__WORK ITEM__. Report each line of the data below in which "loaded" appears.

__RAW DATA__.
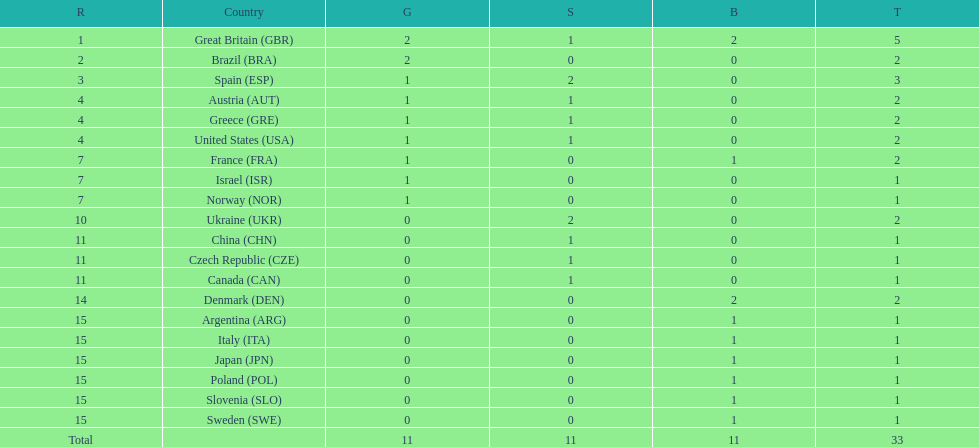What nation was next to great britain in total medal count? Spain. 
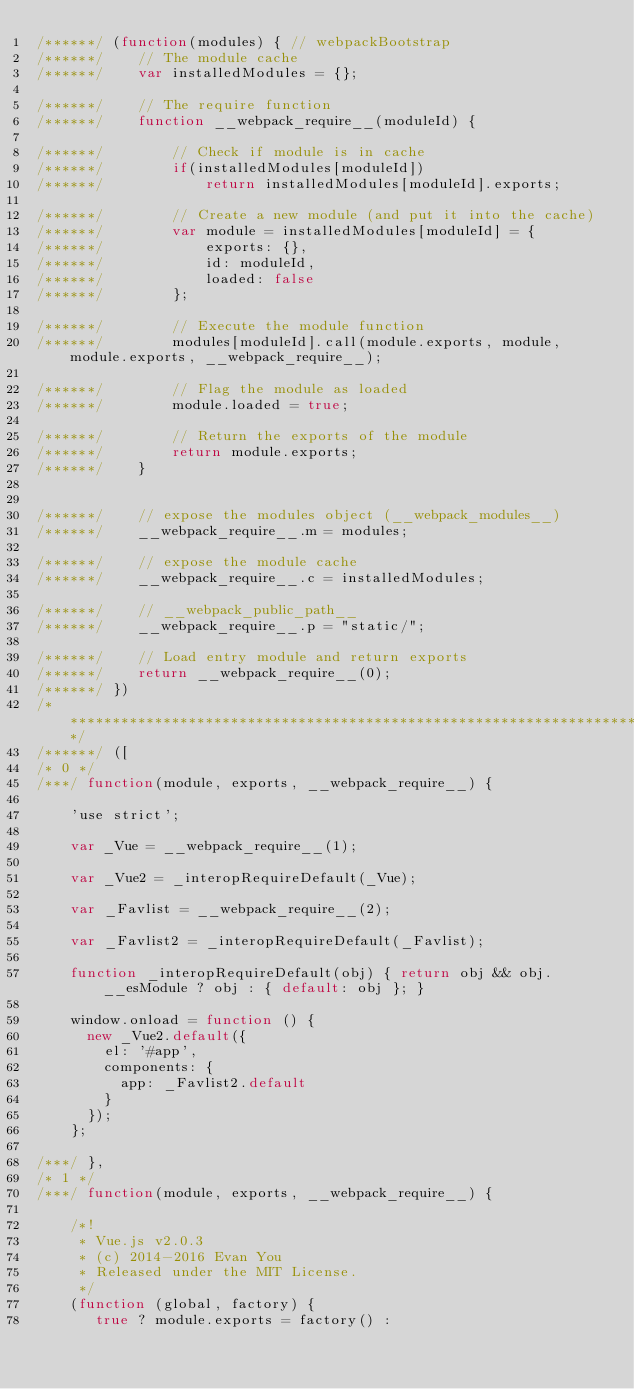Convert code to text. <code><loc_0><loc_0><loc_500><loc_500><_JavaScript_>/******/ (function(modules) { // webpackBootstrap
/******/ 	// The module cache
/******/ 	var installedModules = {};

/******/ 	// The require function
/******/ 	function __webpack_require__(moduleId) {

/******/ 		// Check if module is in cache
/******/ 		if(installedModules[moduleId])
/******/ 			return installedModules[moduleId].exports;

/******/ 		// Create a new module (and put it into the cache)
/******/ 		var module = installedModules[moduleId] = {
/******/ 			exports: {},
/******/ 			id: moduleId,
/******/ 			loaded: false
/******/ 		};

/******/ 		// Execute the module function
/******/ 		modules[moduleId].call(module.exports, module, module.exports, __webpack_require__);

/******/ 		// Flag the module as loaded
/******/ 		module.loaded = true;

/******/ 		// Return the exports of the module
/******/ 		return module.exports;
/******/ 	}


/******/ 	// expose the modules object (__webpack_modules__)
/******/ 	__webpack_require__.m = modules;

/******/ 	// expose the module cache
/******/ 	__webpack_require__.c = installedModules;

/******/ 	// __webpack_public_path__
/******/ 	__webpack_require__.p = "static/";

/******/ 	// Load entry module and return exports
/******/ 	return __webpack_require__(0);
/******/ })
/************************************************************************/
/******/ ([
/* 0 */
/***/ function(module, exports, __webpack_require__) {

	'use strict';

	var _Vue = __webpack_require__(1);

	var _Vue2 = _interopRequireDefault(_Vue);

	var _Favlist = __webpack_require__(2);

	var _Favlist2 = _interopRequireDefault(_Favlist);

	function _interopRequireDefault(obj) { return obj && obj.__esModule ? obj : { default: obj }; }

	window.onload = function () {
	  new _Vue2.default({
	    el: '#app',
	    components: {
	      app: _Favlist2.default
	    }
	  });
	};

/***/ },
/* 1 */
/***/ function(module, exports, __webpack_require__) {

	/*!
	 * Vue.js v2.0.3
	 * (c) 2014-2016 Evan You
	 * Released under the MIT License.
	 */
	(function (global, factory) {
	   true ? module.exports = factory() :</code>

__SOLUTION BELOW__.
/******/ 			loaded: false
/******/ 		// Flag the module as loaded
/******/ 		module.loaded = true;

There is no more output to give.